Whitehouse Primary School is a controlled primary school in Newtownabbey, Northern Ireland. It was destroyed in an arson attack on 18 July 2009. After the school was destroyed, its students were temporarily housed in nearby Newtownabby High School. On 14 May 2010, Education Minister Caitríona Ruane approved an amount of £3.6m for rebuilding the school.
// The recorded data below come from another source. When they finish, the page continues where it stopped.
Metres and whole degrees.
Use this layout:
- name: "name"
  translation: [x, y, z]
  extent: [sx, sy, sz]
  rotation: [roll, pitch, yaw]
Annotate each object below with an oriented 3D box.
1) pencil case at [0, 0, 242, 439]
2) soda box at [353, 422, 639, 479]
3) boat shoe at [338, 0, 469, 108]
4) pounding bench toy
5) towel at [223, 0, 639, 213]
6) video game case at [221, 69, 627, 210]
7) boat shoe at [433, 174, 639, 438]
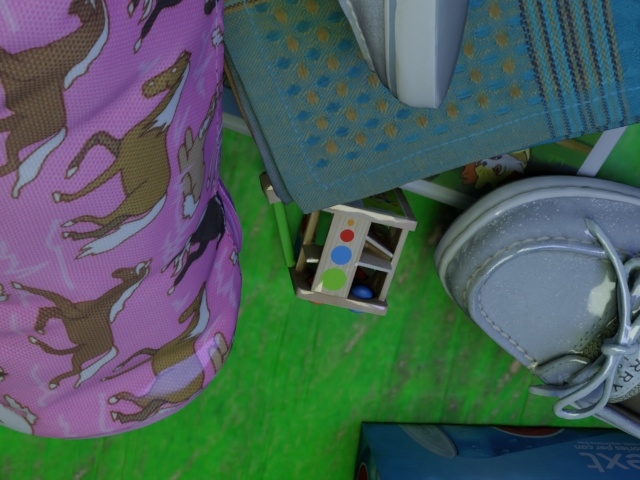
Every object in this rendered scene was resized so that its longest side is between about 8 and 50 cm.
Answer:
- name: "pencil case"
  translation: [-0.111, -0.057, 0.445]
  extent: [0.167, 0.160, 0.386]
  rotation: [18, 149, 6]
- name: "soda box"
  translation: [0.128, 0.160, 0.710]
  extent: [0.210, 0.071, 0.067]
  rotation: [4, 113, -10]
- name: "boat shoe"
  translation: [0.010, -0.147, 0.415]
  extent: [0.081, 0.079, 0.227]
  rotation: [6, 137, 19]
- name: "pounding bench toy"
  translation: [0.000, 0.000, 0.631]
  extent: [0.083, 0.052, 0.065]
  rotation: [13, 112, -13]
- name: "towel"
  translation: [0.057, -0.181, 0.452]
  extent: [0.272, 0.040, 0.370]
  rotation: [-14, 132, 10]
- name: "video game case"
  translation: [0.039, -0.168, 0.538]
  extent: [0.329, 0.036, 0.300]
  rotation: [18, 123, -16]
- name: "boat shoe"
  translation: [0.203, 0.068, 0.647]
  extent: [0.320, 0.103, 0.118]
  rotation: [31, 115, -26]

The school colours are Red, Green and White. There is also a new logo for the school, which reads "Whitehouse Primary School Learning to live". The old one simply said "Whitehouse P.S." In 2025, 382 were enrolled in the primary school, with another 52 enrolled full-time with the nursery unit.

== History ==

=== Arson attack ===
The school was the target of an arson attack on 18 July 2009. In the attack, the majority building was burned down, with only the Nursery Unit remaining. It was the third school in the Greater Belfast area to have been targeted within a few days. Following the arson attack, pupils were temporarily moved to surplus classrooms at Newtownabbey Community High School.

=== Rebuilding ===
Plans for rebuilding the school were shelved in April 2010 pending a review of capital projects by the government. After Ruane decided to shelve the plans for rebuilding the school, McConkey and others led a campaign to get the school rebuilt. On 14 May 2010, the Education Minister approved £3.6m for rebuilding the school. In June 2011, McConkey was mentioned and awarded an MBE in the 2011 Queen's Birthday Honours for his services to education in Northern Ireland.